Global TOTP hotkey¶
Windows, Linux & macOS
Available on all three. Toggle it under Settings (Windows) or in the tray menu → “TOTP-Hotkey (Ctrl+Alt+P)” (Linux/macOS). See Platform notes below — macOS needs a one-time permission grant, and Linux needs X11.
Press Ctrl+Alt+P anywhere and the app types your current 6-digit TOTP
code into whatever field has focus — handy for any 2FA prompt, not just the
VPN (webmail, a portal login, an SSH gateway…).
How it works¶
- The code is generated on the fly from the TOTP seed in your keyring (the same seed the VPN login uses — see Two-factor setup).
- It's typed as synthetic keystrokes into the focused field, then you press Enter yourself.
- Nothing is shown on screen or copied to the clipboard.
Requirements¶
- A TOTP seed must be stored (otherwise there's nothing to generate).
- The hotkey is enabled by default; toggle it in Settings (Windows) or the tray menu (Linux/macOS).
Platform notes¶
Works out of the box.
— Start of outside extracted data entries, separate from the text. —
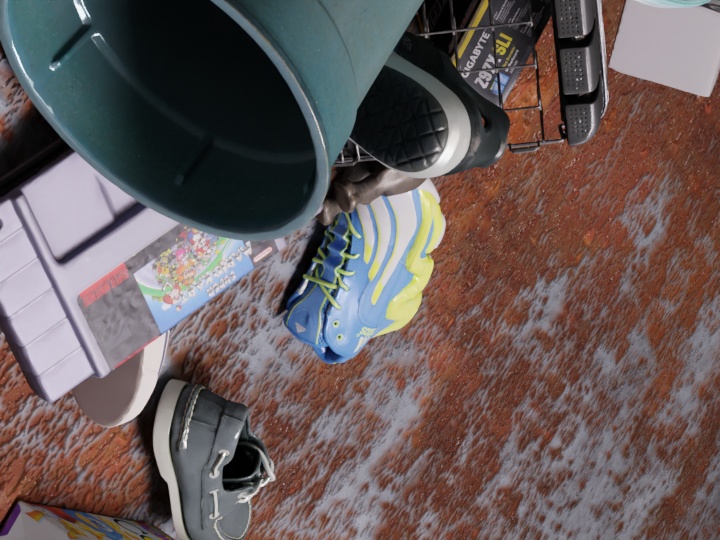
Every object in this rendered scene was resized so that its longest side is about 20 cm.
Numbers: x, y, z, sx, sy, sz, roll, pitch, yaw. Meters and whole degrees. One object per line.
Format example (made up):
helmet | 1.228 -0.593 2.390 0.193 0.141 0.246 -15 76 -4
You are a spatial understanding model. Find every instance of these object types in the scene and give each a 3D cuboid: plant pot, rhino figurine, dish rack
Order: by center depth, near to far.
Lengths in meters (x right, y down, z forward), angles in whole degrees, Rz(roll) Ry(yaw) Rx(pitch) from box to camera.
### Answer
plant pot | -0.053 -0.155 1.414 0.196 0.199 0.201 -54 159 -32
dish rack | 0.045 -0.136 1.620 0.055 0.198 0.154 -87 170 -61
rhino figurine | 0.005 -0.125 1.713 0.087 0.060 0.201 -28 130 -28

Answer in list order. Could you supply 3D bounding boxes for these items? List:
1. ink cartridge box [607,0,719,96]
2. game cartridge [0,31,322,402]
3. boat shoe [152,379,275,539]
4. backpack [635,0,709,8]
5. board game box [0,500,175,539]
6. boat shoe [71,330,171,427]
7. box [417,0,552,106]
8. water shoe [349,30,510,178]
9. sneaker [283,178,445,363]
ink cartridge box | 0.252 -0.252 1.991 0.145 0.084 0.201 -64 170 -48
game cartridge | -0.119 -0.030 1.508 0.200 0.038 0.130 -36 121 -20
boat shoe | -0.091 0.139 1.840 0.200 0.061 0.073 76 26 -58
backpack | 0.132 -0.229 1.477 0.151 0.200 0.177 -49 164 24
board game box | -0.164 0.225 1.767 0.103 0.105 0.200 -59 158 2
boat shoe | -0.114 -0.002 1.611 0.092 0.075 0.201 -23 139 -43
box | 0.106 -0.216 1.715 0.201 0.049 0.160 -62 -169 16
water shoe | 0.001 -0.113 1.540 0.079 0.200 0.072 3 124 -50
sneaker | 0.000 0.000 1.855 0.105 0.076 0.201 -46 156 -25

Toggle under Settings.
Toggle in the tray menu → “TOTP-Hotkey (Ctrl+Alt+P)”. It relies on
pynput, which works on X11. On Wayland (the default on newer
GNOME/KDE) the global key-grab and synthetic typing are blocked by the
compositor, so the hotkey won't fire — log into an X11/Xorg session if you
need it.
Toggle in the tray menu → “TOTP-Hotkey (Ctrl+Alt+P)”. macOS gates global keyboard access behind Privacy & Security: the first time, grant the app (or the terminal you launched it from) both Accessibility and Input Monitoring in System Settings → Privacy & Security, then toggle the hotkey off and on again. Without the grant it's a silent no-op (the app keeps working; only the hotkey is inert).
Tip
If Ctrl+Alt+P clashes with another app, disable it (Settings / tray menu).
The code is only valid for ~30 seconds, so trigger it right before you need it.